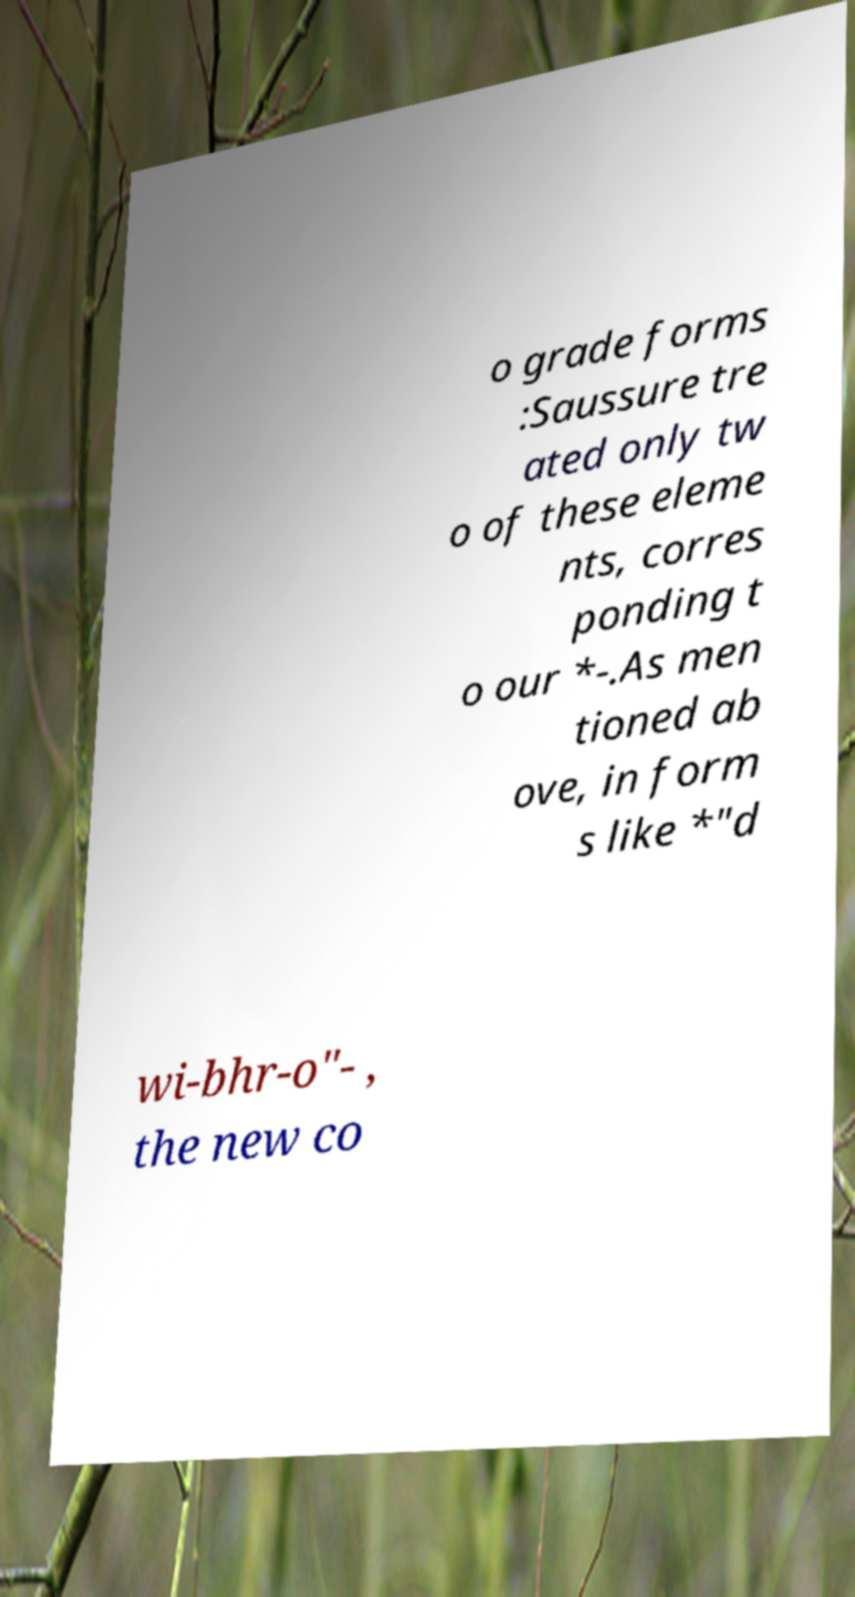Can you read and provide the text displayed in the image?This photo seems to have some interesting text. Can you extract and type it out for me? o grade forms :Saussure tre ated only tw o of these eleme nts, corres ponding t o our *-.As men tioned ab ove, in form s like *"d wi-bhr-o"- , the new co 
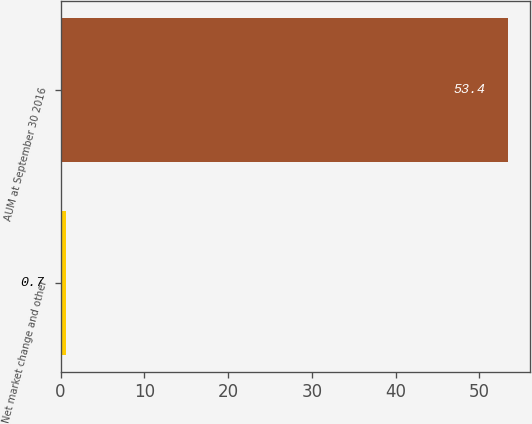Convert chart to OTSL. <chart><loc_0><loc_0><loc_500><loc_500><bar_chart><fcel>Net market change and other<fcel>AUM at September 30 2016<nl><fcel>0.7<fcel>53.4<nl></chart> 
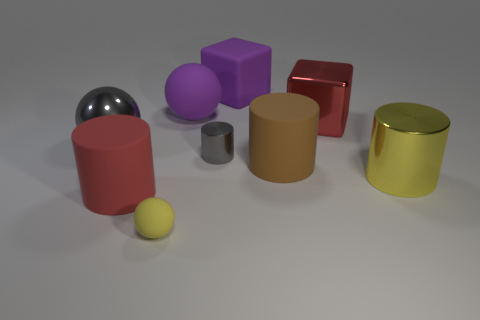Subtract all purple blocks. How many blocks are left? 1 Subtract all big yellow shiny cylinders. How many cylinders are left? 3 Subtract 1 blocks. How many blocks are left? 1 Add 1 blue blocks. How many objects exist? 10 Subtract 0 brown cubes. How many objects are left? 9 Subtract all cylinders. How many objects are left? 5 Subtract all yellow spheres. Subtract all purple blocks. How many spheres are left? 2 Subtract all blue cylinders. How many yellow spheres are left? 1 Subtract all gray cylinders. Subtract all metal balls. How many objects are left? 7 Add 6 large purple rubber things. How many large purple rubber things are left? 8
________________________________________
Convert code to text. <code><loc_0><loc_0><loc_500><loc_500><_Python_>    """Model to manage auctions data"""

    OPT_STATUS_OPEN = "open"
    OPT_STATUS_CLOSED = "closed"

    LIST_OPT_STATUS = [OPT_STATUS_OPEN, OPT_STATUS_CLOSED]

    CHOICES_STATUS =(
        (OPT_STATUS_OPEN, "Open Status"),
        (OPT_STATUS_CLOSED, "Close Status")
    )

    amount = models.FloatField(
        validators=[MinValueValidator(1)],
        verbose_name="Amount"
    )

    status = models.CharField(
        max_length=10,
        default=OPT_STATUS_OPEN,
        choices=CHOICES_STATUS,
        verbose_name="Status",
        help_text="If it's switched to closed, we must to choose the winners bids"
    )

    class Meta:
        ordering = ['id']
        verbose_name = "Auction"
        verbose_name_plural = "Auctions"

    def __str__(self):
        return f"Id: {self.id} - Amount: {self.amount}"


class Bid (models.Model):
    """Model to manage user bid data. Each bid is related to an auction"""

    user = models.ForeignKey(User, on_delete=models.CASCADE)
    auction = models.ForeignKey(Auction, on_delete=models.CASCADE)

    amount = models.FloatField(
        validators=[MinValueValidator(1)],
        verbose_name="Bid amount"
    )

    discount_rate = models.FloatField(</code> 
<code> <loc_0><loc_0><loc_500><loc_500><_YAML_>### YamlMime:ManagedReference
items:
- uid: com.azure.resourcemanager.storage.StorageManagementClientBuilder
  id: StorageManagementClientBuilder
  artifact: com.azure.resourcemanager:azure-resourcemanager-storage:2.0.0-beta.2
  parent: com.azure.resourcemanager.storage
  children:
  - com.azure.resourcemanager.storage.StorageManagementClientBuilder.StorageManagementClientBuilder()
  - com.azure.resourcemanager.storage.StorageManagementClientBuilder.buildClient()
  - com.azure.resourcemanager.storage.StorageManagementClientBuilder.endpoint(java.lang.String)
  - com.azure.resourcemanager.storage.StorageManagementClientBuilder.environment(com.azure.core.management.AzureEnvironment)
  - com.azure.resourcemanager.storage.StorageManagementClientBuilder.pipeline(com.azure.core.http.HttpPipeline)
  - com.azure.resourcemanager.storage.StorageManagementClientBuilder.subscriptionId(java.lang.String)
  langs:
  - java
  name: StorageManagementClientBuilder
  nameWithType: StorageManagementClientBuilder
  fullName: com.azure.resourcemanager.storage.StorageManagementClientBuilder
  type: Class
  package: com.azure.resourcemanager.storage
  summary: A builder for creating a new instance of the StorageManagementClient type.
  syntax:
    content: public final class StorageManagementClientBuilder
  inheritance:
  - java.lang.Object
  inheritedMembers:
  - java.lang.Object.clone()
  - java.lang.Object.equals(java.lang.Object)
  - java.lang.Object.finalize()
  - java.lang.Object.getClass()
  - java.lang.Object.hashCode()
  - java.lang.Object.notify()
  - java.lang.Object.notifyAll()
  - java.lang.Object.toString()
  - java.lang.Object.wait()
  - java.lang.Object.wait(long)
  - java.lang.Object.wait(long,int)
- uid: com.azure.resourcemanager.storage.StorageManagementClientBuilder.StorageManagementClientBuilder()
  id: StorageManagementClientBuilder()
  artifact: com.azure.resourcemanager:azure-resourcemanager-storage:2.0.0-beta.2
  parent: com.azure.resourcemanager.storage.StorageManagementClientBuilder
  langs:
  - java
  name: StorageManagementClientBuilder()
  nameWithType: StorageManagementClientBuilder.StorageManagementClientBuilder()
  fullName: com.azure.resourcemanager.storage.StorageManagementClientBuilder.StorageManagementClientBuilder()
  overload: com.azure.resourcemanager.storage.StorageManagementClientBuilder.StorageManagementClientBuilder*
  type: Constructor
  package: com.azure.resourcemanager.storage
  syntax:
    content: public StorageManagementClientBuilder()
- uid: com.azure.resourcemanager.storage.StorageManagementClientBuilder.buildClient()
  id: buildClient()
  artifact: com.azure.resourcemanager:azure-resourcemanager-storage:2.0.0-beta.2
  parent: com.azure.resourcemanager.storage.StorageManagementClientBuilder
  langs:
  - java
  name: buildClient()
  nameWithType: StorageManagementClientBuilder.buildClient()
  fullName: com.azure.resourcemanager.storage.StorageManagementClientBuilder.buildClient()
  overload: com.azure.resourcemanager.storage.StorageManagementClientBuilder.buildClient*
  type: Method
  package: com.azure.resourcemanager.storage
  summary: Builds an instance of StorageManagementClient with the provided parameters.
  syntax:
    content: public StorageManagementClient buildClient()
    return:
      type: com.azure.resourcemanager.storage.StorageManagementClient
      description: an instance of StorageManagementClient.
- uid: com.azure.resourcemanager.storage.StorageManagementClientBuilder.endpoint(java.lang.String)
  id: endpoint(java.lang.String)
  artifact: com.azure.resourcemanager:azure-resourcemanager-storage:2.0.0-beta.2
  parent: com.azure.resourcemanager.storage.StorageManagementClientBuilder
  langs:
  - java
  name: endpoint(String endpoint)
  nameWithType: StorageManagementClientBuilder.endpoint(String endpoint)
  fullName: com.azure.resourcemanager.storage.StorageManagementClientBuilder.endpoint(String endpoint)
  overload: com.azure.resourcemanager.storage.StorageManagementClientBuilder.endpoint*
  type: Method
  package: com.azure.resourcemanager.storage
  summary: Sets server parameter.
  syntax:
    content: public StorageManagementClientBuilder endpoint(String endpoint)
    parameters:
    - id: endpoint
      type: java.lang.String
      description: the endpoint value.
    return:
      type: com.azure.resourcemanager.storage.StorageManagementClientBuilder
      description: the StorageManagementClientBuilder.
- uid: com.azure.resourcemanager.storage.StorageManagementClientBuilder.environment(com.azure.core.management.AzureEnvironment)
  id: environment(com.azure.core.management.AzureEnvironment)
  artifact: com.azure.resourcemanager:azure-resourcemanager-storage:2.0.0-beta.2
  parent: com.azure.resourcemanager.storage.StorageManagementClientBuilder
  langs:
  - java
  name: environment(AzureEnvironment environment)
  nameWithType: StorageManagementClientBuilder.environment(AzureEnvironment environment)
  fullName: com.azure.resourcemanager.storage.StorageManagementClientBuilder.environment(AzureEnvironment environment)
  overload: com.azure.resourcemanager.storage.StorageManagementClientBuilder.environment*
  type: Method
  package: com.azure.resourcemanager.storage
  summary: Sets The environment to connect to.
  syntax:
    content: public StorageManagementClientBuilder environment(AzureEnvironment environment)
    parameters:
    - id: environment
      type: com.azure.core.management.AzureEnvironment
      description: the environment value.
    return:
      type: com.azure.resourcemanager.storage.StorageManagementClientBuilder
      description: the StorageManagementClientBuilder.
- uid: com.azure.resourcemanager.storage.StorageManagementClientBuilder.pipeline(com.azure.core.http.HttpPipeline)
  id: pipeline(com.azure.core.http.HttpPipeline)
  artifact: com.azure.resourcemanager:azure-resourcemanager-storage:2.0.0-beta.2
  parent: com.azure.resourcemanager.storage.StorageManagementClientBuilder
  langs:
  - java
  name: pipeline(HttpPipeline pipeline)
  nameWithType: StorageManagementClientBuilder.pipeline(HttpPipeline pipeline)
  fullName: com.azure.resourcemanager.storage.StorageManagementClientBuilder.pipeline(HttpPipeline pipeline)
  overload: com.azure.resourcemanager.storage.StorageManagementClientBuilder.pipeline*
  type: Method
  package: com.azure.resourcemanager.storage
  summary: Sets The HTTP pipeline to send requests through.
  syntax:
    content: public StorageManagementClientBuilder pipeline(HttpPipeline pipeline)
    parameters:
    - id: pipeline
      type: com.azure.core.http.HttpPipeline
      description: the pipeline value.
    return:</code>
________________________________________
REQUIREMENT
Copy out each line of the records above that includes "models".

FINISHED TASK
    amount = models.FloatField(
    status = models.CharField(
class Bid (models.Model):
    user = models.ForeignKey(User, on_delete=models.CASCADE)
    auction = models.ForeignKey(Auction, on_delete=models.CASCADE)
    amount = models.FloatField(
    discount_rate = models.FloatField(</code> 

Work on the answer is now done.